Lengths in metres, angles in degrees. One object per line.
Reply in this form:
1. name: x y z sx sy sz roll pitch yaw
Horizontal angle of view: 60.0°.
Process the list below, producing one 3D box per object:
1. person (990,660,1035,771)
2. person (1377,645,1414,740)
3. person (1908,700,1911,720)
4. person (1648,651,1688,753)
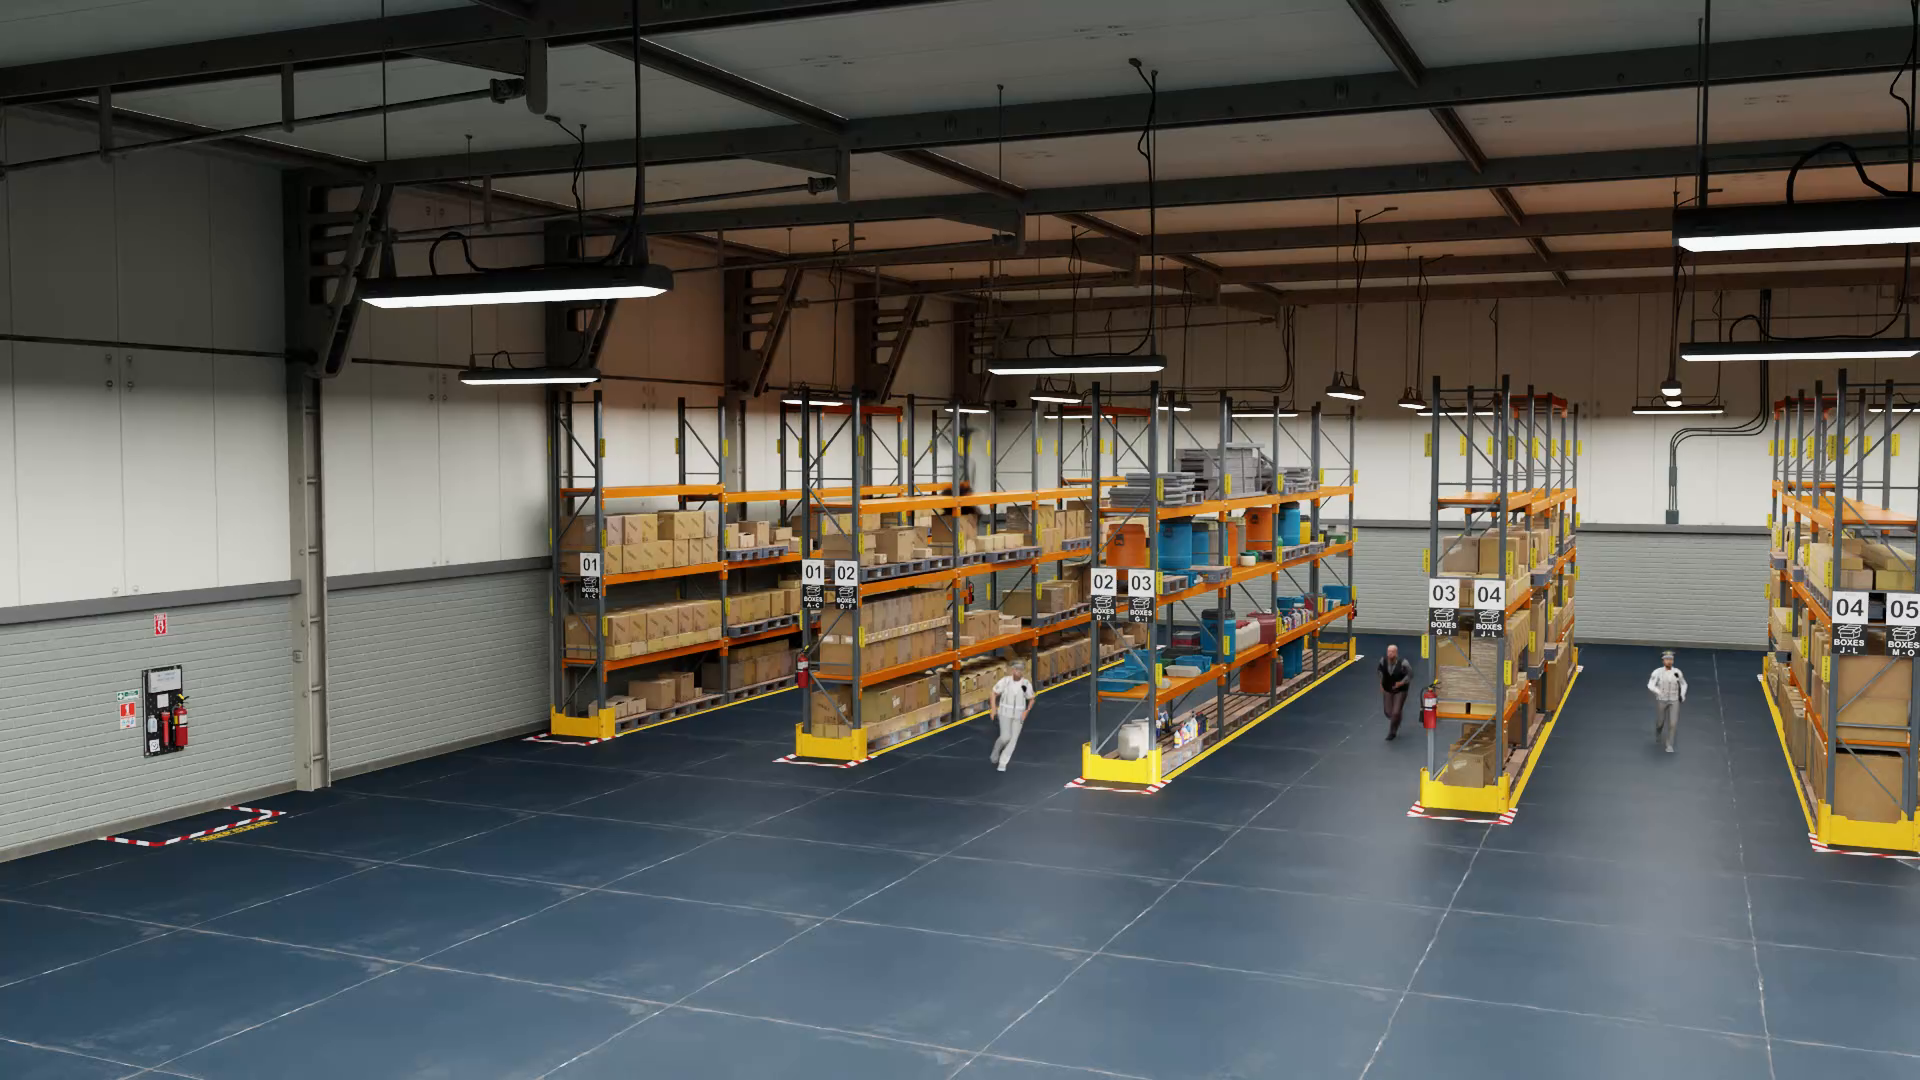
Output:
1. person: 0.835 2.720 25.836 0.701 1.707 0.535 0 3 -8
2. person: 7.496 2.616 28.625 0.653 1.658 0.749 2 4 27
3. person: 17.379 2.432 30.675 0.675 1.727 0.764 1 3 22
4. person: 11.700 2.655 27.479 0.625 1.649 0.724 1 3 14
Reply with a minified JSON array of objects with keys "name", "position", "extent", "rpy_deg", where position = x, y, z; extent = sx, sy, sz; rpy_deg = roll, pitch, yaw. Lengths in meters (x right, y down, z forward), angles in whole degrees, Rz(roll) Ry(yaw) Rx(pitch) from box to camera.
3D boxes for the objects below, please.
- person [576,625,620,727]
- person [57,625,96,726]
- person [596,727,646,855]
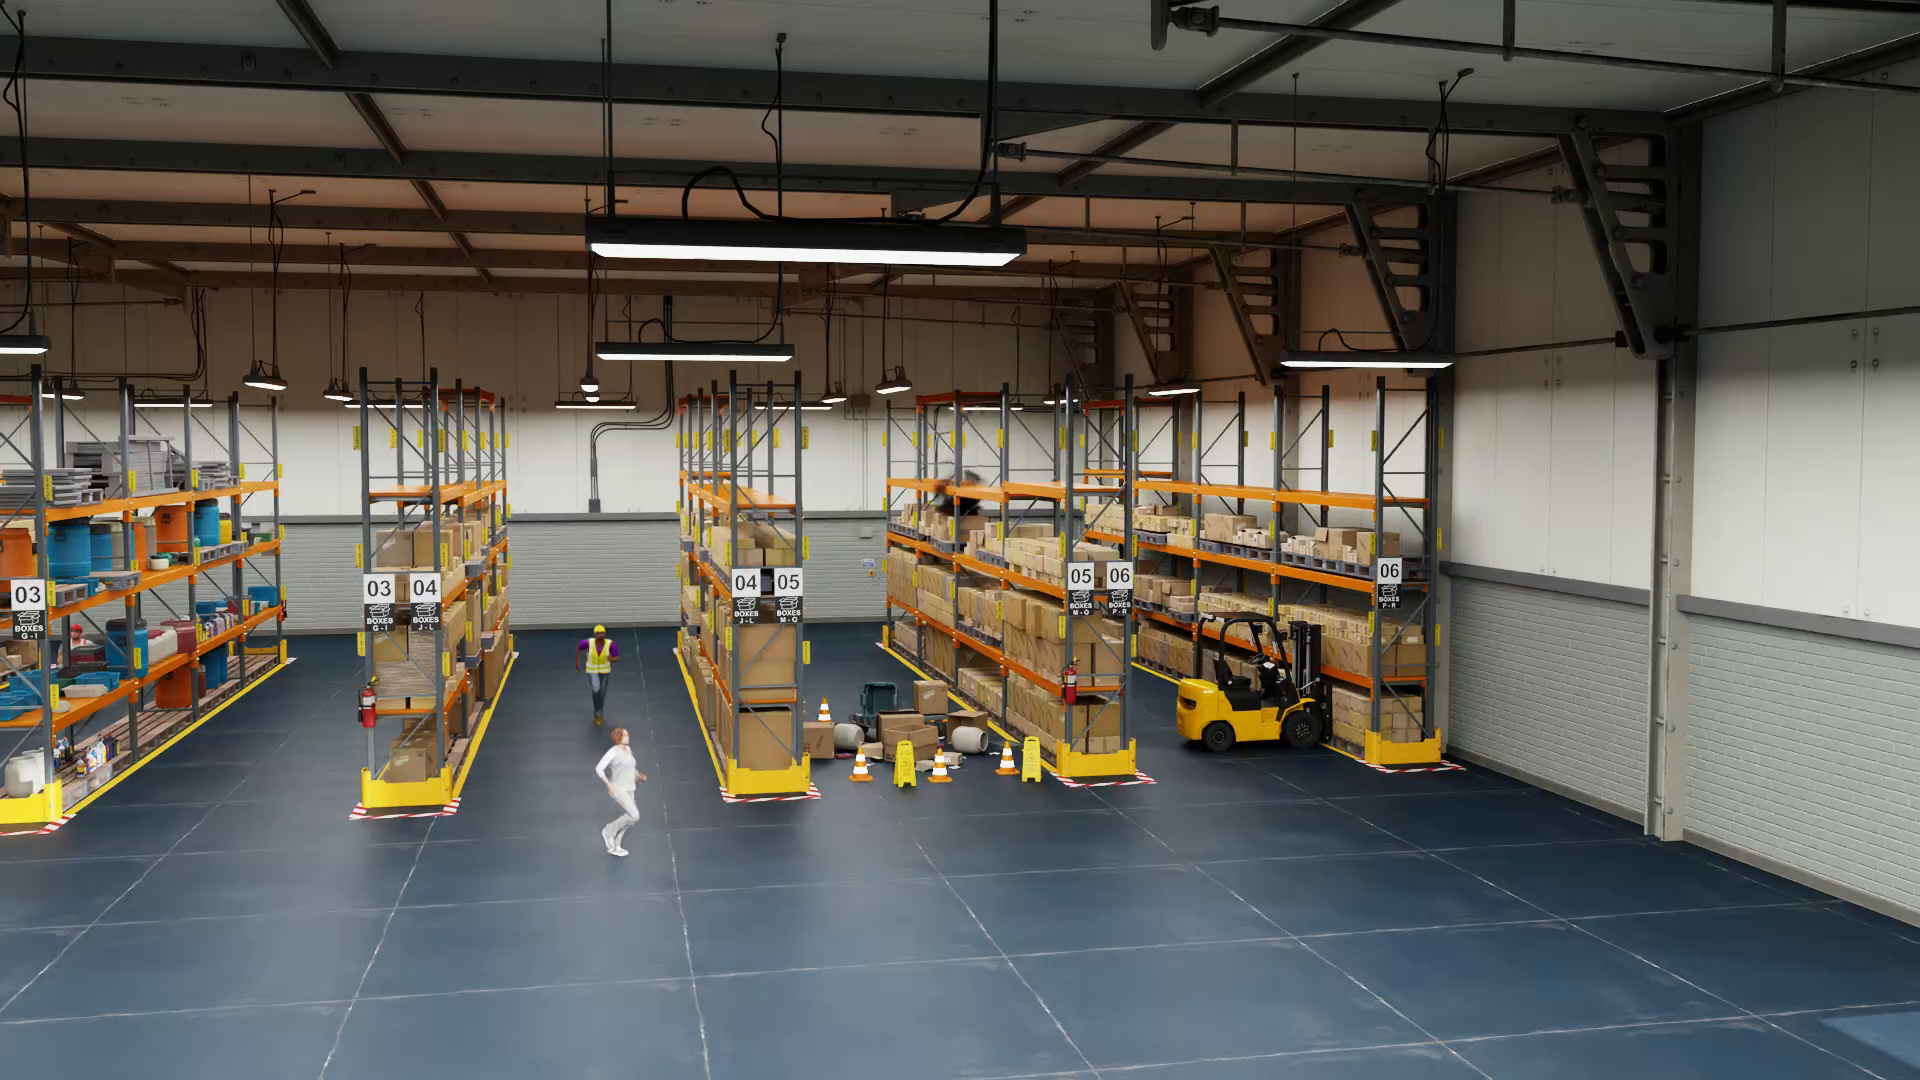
[{"name":"person","position":[-6.396,2.382,29.397],"extent":[0.729,1.790,0.840],"rpy_deg":[-1,4,-19]},{"name":"person","position":[-15.727,2.383,29.613],"extent":[0.634,1.766,1.049],"rpy_deg":[0,3,-7]},{"name":"person","position":[-4.034,3.039,20.007],"extent":[0.540,1.539,0.532],"rpy_deg":[1,4,18]}]
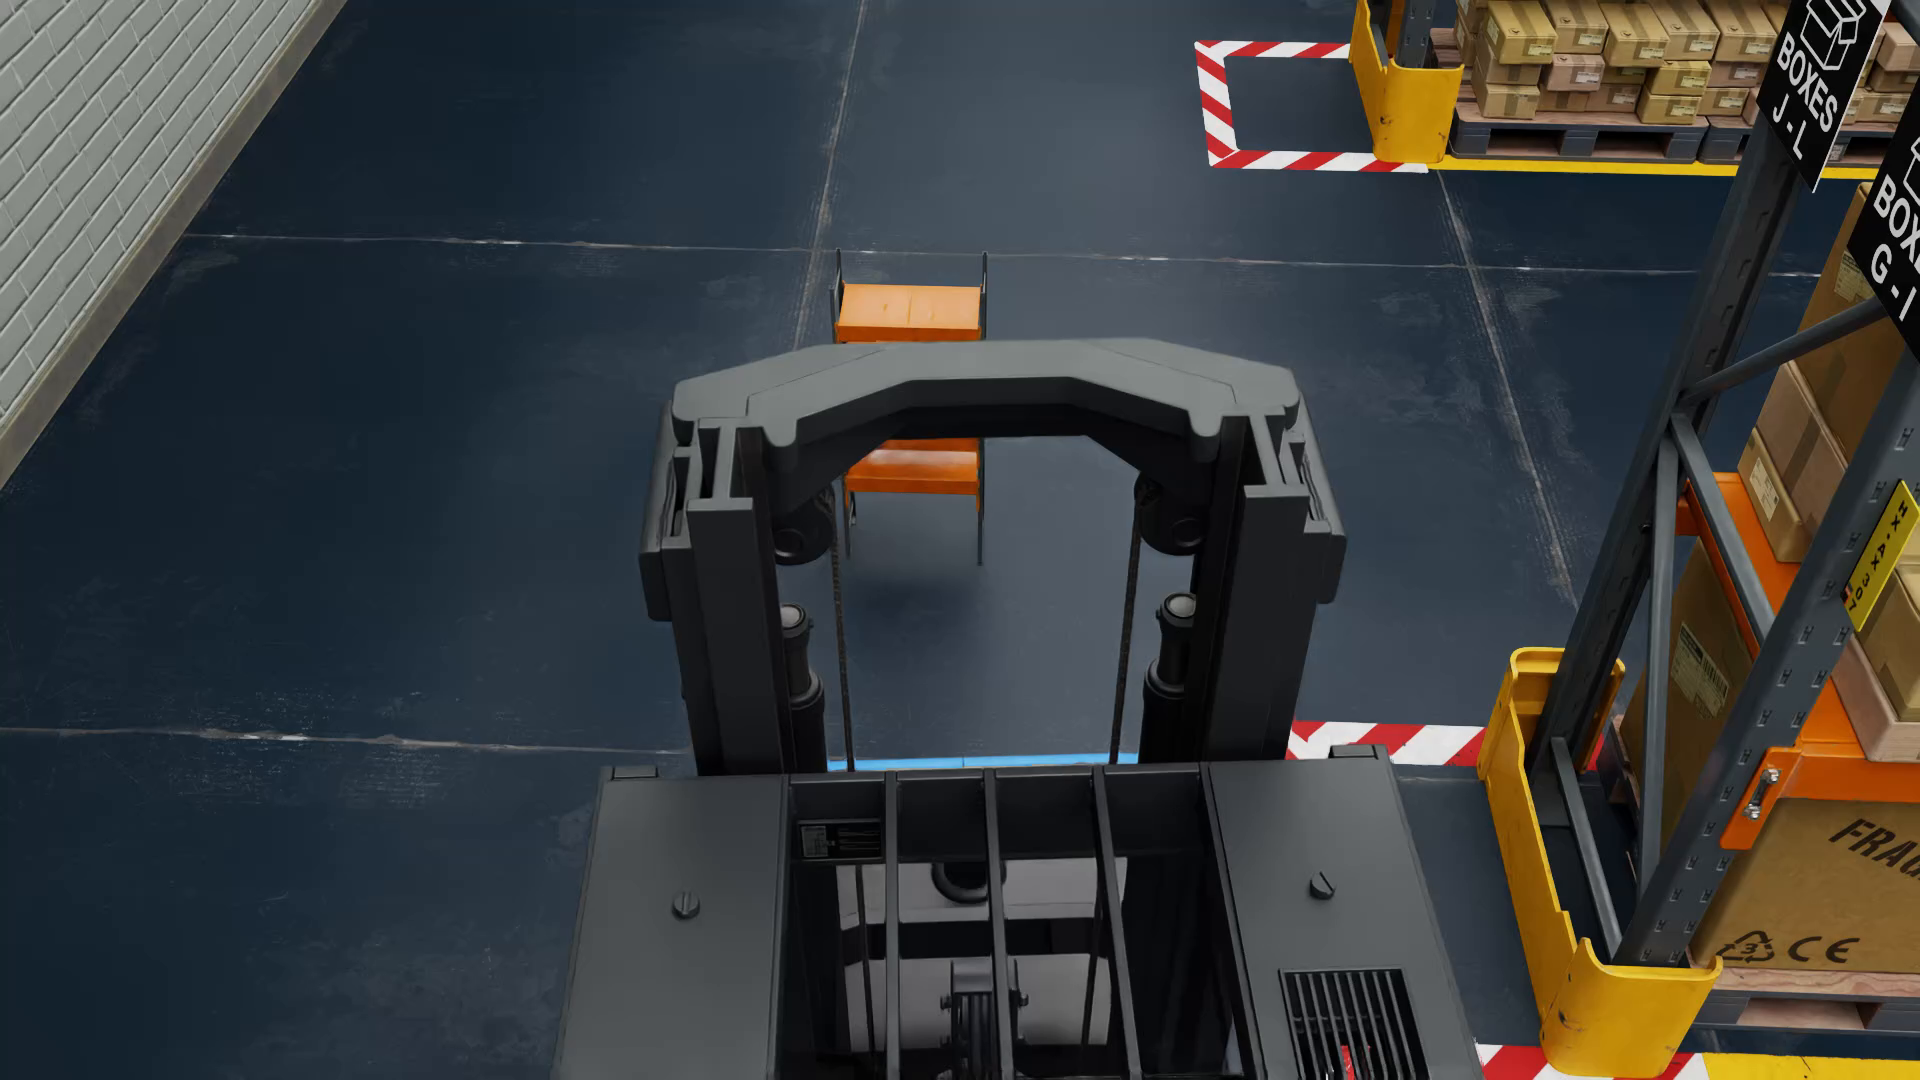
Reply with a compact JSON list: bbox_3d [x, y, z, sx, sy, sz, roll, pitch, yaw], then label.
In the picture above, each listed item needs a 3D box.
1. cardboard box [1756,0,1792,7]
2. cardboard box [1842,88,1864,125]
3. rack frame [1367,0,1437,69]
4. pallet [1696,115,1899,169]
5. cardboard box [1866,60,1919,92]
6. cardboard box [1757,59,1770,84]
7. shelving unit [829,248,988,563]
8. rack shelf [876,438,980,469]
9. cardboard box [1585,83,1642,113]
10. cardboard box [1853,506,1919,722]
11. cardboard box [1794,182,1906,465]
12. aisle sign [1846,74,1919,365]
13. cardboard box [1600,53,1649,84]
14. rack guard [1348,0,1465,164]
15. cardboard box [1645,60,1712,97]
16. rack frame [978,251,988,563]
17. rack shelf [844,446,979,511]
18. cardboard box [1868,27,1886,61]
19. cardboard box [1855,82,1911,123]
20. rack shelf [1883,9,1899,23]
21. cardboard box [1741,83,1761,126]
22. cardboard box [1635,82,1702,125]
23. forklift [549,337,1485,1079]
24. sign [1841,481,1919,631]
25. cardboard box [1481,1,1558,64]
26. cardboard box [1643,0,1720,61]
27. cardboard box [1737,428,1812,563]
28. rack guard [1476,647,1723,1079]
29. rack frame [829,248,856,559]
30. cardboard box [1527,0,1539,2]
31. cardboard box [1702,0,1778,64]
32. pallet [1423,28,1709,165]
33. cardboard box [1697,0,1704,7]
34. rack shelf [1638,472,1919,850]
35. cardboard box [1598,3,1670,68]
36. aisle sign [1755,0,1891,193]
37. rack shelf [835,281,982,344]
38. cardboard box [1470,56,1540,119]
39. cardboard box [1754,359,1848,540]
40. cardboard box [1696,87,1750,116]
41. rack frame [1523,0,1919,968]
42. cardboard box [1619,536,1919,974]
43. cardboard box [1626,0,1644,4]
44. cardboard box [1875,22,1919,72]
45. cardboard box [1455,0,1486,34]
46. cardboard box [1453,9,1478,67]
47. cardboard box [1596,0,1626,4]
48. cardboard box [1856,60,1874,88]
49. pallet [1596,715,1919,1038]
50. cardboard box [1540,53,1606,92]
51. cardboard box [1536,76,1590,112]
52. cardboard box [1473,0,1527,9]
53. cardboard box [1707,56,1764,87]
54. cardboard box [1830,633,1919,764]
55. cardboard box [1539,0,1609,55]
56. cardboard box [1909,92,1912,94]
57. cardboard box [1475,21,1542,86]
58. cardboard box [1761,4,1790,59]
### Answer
[{"bbox_3d":[4.028,-2.782,8.383,0.250,0.149,0.380,0,43,0],"label":"cardboard box"},{"bbox_3d":[4.245,-2.209,8.204,0.250,0.149,0.380,2,43,2],"label":"cardboard box"},{"bbox_3d":[2.190,-3.371,7.668,0.127,3.000,1.000,2,43,2],"label":"rack frame"},{"bbox_3d":[4.292,-2.260,8.521,1.213,0.211,1.003,2,43,2],"label":"pallet"},{"bbox_3d":[4.550,-2.348,8.135,0.250,0.149,0.380,0,43,0],"label":"cardboard box"},{"bbox_3d":[4.015,-2.400,8.191,0.250,0.149,0.380,4,43,4],"label":"cardboard box"},{"bbox_3d":[-0.165,-0.444,5.846,0.503,1.200,0.258,2,43,2],"label":"shelving unit"},{"bbox_3d":[-0.165,-0.395,5.892,0.480,0.148,0.258,2,43,2],"label":"rack shelf"},{"bbox_3d":[3.213,-2.292,8.293,0.250,0.149,0.380,2,43,2],"label":"cardboard box"},{"bbox_3d":[2.333,0.148,3.782,0.500,0.250,0.500,1,43,1],"label":"cardboard box"},{"bbox_3d":[2.365,-0.489,3.916,0.500,0.500,0.500,2,43,2],"label":"cardboard box"},{"bbox_3d":[1.781,-0.746,2.942,0.004,0.787,0.394,2,43,2],"label":"aisle sign"},{"bbox_3d":[3.222,-2.405,8.196,0.250,0.149,0.380,2,43,2],"label":"cardboard box"},{"bbox_3d":[2.266,-2.454,8.517,0.348,0.500,1.175,2,43,2],"label":"rack guard"},{"bbox_3d":[3.473,-2.323,8.109,0.250,0.149,0.380,3,43,3],"label":"cardboard box"},{"bbox_3d":[0.078,-0.437,5.838,0.015,1.200,0.240,2,43,2],"label":"rack frame"},{"bbox_3d":[-0.165,-0.250,6.028,0.480,0.148,0.258,2,43,2],"label":"rack shelf"},{"bbox_3d":[4.269,-2.482,8.061,0.250,0.149,0.380,2,43,2],"label":"cardboard box"},{"bbox_3d":[4.488,-2.224,8.220,0.250,0.149,0.380,3,43,3],"label":"cardboard box"},{"bbox_3d":[3.864,-0.769,3.202,4.000,0.370,1.077,2,43,2],"label":"rack shelf"},{"bbox_3d":[3.967,-2.200,8.194,0.250,0.149,0.380,0,43,0],"label":"cardboard box"},{"bbox_3d":[3.463,-2.209,8.205,0.250,0.149,0.380,2,43,2],"label":"cardboard box"},{"bbox_3d":[0.060,1.254,2.753,1.130,2.935,3.031,-1,43,-2],"label":"forklift"},{"bbox_3d":[1.835,0.036,3.318,0.005,0.325,0.100,2,43,2],"label":"sign"},{"bbox_3d":[2.698,-2.451,8.028,0.250,0.149,0.380,0,43,0],"label":"cardboard box"},{"bbox_3d":[3.477,-2.479,8.057,0.250,0.149,0.380,0,43,0],"label":"cardboard box"},{"bbox_3d":[2.237,-0.118,4.360,0.250,0.149,0.380,3,43,3],"label":"cardboard box"},{"bbox_3d":[1.842,0.917,4.898,0.348,0.500,1.175,2,43,2],"label":"rack guard"},{"bbox_3d":[-0.409,-0.452,5.855,0.015,1.200,0.240,2,43,2],"label":"rack frame"},{"bbox_3d":[2.979,-2.808,8.411,0.250,0.149,0.380,3,43,3],"label":"cardboard box"},{"bbox_3d":[3.753,-2.464,8.041,0.250,0.149,0.380,3,43,4],"label":"cardboard box"},{"bbox_3d":[3.076,-2.299,8.563,1.213,0.211,1.003,2,43,2],"label":"pallet"},{"bbox_3d":[3.770,-2.866,8.472,0.250,0.149,0.380,3,43,3],"label":"cardboard box"},{"bbox_3d":[3.864,0.328,4.225,4.000,0.370,1.077,2,43,2],"label":"rack shelf"},{"bbox_3d":[3.225,-2.430,8.005,0.250,0.149,0.380,2,43,2],"label":"cardboard box"},{"bbox_3d":[1.808,-1.154,3.381,0.004,0.787,0.394,2,43,2],"label":"aisle sign"},{"bbox_3d":[-0.165,-0.732,5.579,0.480,0.148,0.258,2,43,2],"label":"rack shelf"},{"bbox_3d":[2.699,-2.247,8.245,0.250,0.149,0.380,3,43,3],"label":"cardboard box"},{"bbox_3d":[2.362,-0.216,4.173,0.500,0.250,0.500,1,43,1],"label":"cardboard box"},{"bbox_3d":[3.722,-2.267,8.266,0.250,0.149,0.380,2,43,2],"label":"cardboard box"},{"bbox_3d":[1.866,0.004,4.046,0.127,3.000,1.000,2,43,2],"label":"rack frame"},{"bbox_3d":[2.509,0.593,4.664,0.875,0.875,0.875,2,43,2],"label":"cardboard box"},{"bbox_3d":[3.499,-2.836,8.441,0.250,0.149,0.380,0,43,0],"label":"cardboard box"},{"bbox_3d":[4.513,-2.400,7.972,0.250,0.149,0.380,0,43,0],"label":"cardboard box"},{"bbox_3d":[2.730,-2.768,8.586,0.250,0.149,0.380,1,43,1],"label":"cardboard box"},{"bbox_3d":[2.726,-2.607,8.631,0.250,0.149,0.380,2,43,3],"label":"cardboard box"},{"bbox_3d":[3.243,-2.887,8.495,0.250,0.149,0.380,1,43,1],"label":"cardboard box"},{"bbox_3d":[4.285,-2.385,8.174,0.250,0.149,0.380,4,43,4],"label":"cardboard box"},{"bbox_3d":[2.668,0.995,5.027,1.213,0.211,1.003,2,43,2],"label":"pallet"},{"bbox_3d":[2.973,-2.352,8.140,0.250,0.149,0.380,2,43,2],"label":"cardboard box"},{"bbox_3d":[2.964,-2.295,8.296,0.250,0.149,0.380,2,43,2],"label":"cardboard box"},{"bbox_3d":[2.731,-2.855,8.461,0.250,0.149,0.380,2,43,2],"label":"cardboard box"},{"bbox_3d":[3.742,-2.380,8.169,0.250,0.149,0.380,0,43,0],"label":"cardboard box"},{"bbox_3d":[2.206,0.331,3.878,0.250,0.149,0.380,2,43,2],"label":"cardboard box"},{"bbox_3d":[2.979,-2.525,8.107,0.250,0.149,0.380,2,43,3],"label":"cardboard box"},{"bbox_3d":[4.745,-2.170,8.162,0.250,0.149,0.380,2,43,2],"label":"cardboard box"},{"bbox_3d":[2.702,-2.399,8.190,0.250,0.149,0.380,3,43,4],"label":"cardboard box"},{"bbox_3d":[4.014,-2.425,7.999,0.250,0.149,0.380,2,43,3],"label":"cardboard box"}]

• **Required work**
Precisely the lines between those holding "32. pallet [1423,28,1709,165]" and "58. cardboard box [1761,4,1790,59]", inclusive, are to be reproduced from the listing above, with nothing added.

• **Answer to the exercise**
32. pallet [1423,28,1709,165]
33. cardboard box [1697,0,1704,7]
34. rack shelf [1638,472,1919,850]
35. cardboard box [1598,3,1670,68]
36. aisle sign [1755,0,1891,193]
37. rack shelf [835,281,982,344]
38. cardboard box [1470,56,1540,119]
39. cardboard box [1754,359,1848,540]
40. cardboard box [1696,87,1750,116]
41. rack frame [1523,0,1919,968]
42. cardboard box [1619,536,1919,974]
43. cardboard box [1626,0,1644,4]
44. cardboard box [1875,22,1919,72]
45. cardboard box [1455,0,1486,34]
46. cardboard box [1453,9,1478,67]
47. cardboard box [1596,0,1626,4]
48. cardboard box [1856,60,1874,88]
49. pallet [1596,715,1919,1038]
50. cardboard box [1540,53,1606,92]
51. cardboard box [1536,76,1590,112]
52. cardboard box [1473,0,1527,9]
53. cardboard box [1707,56,1764,87]
54. cardboard box [1830,633,1919,764]
55. cardboard box [1539,0,1609,55]
56. cardboard box [1909,92,1912,94]
57. cardboard box [1475,21,1542,86]
58. cardboard box [1761,4,1790,59]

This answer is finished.